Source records

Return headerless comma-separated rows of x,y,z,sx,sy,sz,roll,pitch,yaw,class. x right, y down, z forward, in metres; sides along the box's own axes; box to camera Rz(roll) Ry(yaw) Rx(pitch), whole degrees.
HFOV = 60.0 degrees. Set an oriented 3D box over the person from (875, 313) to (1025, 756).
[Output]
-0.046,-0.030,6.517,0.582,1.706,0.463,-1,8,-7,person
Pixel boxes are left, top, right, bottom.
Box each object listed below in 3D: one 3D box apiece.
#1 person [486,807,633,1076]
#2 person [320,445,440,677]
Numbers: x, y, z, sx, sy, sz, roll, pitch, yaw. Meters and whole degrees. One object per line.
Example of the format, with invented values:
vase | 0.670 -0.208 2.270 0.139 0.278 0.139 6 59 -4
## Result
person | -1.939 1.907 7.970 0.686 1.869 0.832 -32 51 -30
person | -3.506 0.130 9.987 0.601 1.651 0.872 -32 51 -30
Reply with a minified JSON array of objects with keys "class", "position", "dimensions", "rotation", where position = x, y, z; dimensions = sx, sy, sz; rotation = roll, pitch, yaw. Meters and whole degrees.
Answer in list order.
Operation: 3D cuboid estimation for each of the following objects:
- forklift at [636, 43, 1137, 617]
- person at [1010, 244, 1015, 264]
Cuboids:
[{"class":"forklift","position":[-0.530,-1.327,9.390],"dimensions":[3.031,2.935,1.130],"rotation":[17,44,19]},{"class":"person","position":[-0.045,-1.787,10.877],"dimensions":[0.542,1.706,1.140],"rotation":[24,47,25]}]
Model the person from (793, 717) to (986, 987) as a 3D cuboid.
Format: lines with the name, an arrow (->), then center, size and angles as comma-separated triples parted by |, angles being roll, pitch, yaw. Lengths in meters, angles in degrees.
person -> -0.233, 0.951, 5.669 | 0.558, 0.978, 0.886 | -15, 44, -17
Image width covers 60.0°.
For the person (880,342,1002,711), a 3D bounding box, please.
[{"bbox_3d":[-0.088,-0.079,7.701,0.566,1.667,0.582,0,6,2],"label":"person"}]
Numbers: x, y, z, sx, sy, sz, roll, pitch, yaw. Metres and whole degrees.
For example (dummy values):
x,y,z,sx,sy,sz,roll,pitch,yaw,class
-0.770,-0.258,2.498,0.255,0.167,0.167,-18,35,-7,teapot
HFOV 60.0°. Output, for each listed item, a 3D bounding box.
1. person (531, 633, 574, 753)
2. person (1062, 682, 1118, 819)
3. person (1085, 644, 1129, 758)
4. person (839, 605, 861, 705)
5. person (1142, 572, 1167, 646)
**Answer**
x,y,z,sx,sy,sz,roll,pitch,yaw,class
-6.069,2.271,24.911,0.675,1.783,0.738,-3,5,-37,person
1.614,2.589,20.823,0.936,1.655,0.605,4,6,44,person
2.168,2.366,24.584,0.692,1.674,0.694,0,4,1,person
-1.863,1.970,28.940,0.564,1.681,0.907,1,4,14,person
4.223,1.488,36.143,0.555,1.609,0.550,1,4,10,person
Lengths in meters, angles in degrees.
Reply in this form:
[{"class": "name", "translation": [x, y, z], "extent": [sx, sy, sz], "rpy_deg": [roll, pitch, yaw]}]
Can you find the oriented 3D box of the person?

### ACTIVITY
A line qualifies when it holds the word "right"; report all qualifying lines from the records above.

### ANSWER BOX
Return headerless comma-separated rows of x,y,z,sx,sy,sz,roll,pitch,yaw,class. x right, y down, z forward, in metres; sides along the box's own axes; box to camera Rz(roll) Ry(yaw) Rx(pitch), whole degrees.
Pixel boxes are left, top, right, bottom.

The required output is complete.